Yaşamaya İzin Verilmeyen Topraklara Defin!
Beypazarı'nda koltukları sökülmüş bir minibüsle kış ortasında havuç toplamaya giderken trafiğe kurban gidip katledilen Onbir Kürdün yakınlarından biri, adaşım Şeyhmus Çakar cenazelerin başında durumu özetliyor "Yaşamamıza izin verilmeyen topraklarımıza, cenazelerimizi defnetmeye gideceğiz."
İzlendi televizyonlardan, cenazelerin başında ve defin yerinde o "bilinmeyen dil"ce yakılan ağıtları.

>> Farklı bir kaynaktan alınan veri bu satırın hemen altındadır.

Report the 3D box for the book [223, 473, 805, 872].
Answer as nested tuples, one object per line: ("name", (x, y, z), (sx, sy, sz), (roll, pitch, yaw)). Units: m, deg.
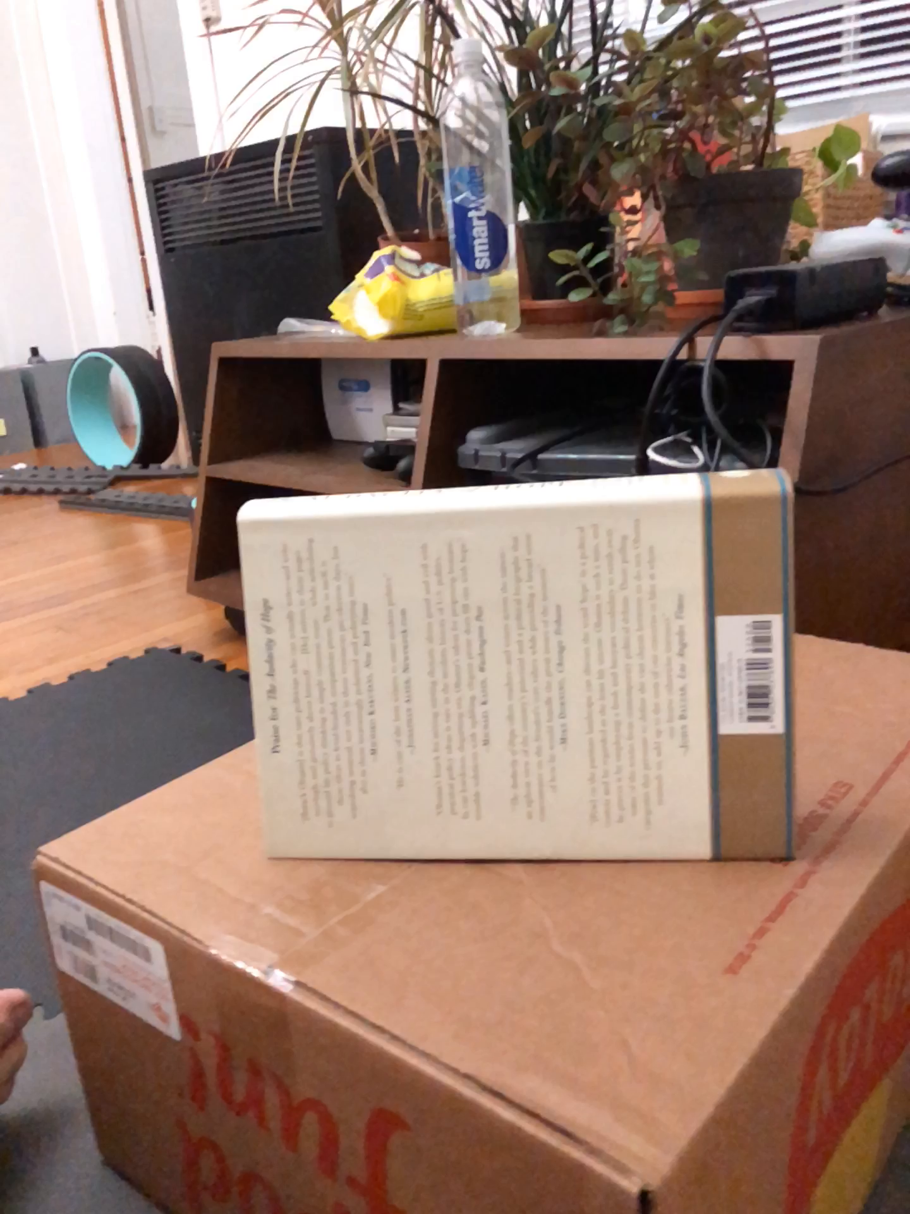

Birkaç kezdir yazıyorum. Kürtlerin sınıfsal kırılma noktası 2010 Eylülündeki "kısmi anayasa referandumu" oylamasıdır. Anayasa oylamasına Kürt siyasetinin karşı çıkarak "Boykot" etmesi bu kırılmanın ve sistemle hesaplaşarak "sınıf" tavrı koymasının nirengi noktasıdır. Kürt siyasal hareketi "ulusal" olduğu kadar, Kürt yoksullarının "sınıf" hareketidir de.
Anayasa oylamasına kadar büyük ölçüde bölgedeki, ağırlıklı olarak da Diyarbakır'daki, iş dünyası merkezli ve bir bölümü de "Kürt okumuşları" diyeceğimiz ve şimdilerde "Kürt orta sınıfını" temsil eden, sınıfsal kökleri öyle olmasa da yaşam biçimleri ve tercihleri gereği "burjuvalaşmaya" doğru istekli ve istikrarlı bir şekilde evirilen; yüzbinler dolarlık dublex villalarda yaşayıp dört çarpı dört cip'lerle Kürt şehirlerinde seyrüsefer eden sınıfla, Kürt yoksullarının hesap kesimi...
Anayasa referandumunda bu ayrışma "Evet"le, "Boykot" çatışması şeklinde tezahür ederek kendini ele verdi. Kürt siyaseti "sınıf" meselesinin bir kez daha siyasal tavırda belirleyici olacağını ve olması gerektiğini "canı yanarak" hissetti, duyumsadı.
Sarayda yaşayanlarla, kulübede yaşayanların sınıfsal tercihlerinin ve taleplerinin yüzelli sene evvel yaşamış bir şahsiyet tarafından dile getirilen ideolojik tespitinin bugünde olanca sıcaklığıyla doğru olduğunu pratikle kanıtladı.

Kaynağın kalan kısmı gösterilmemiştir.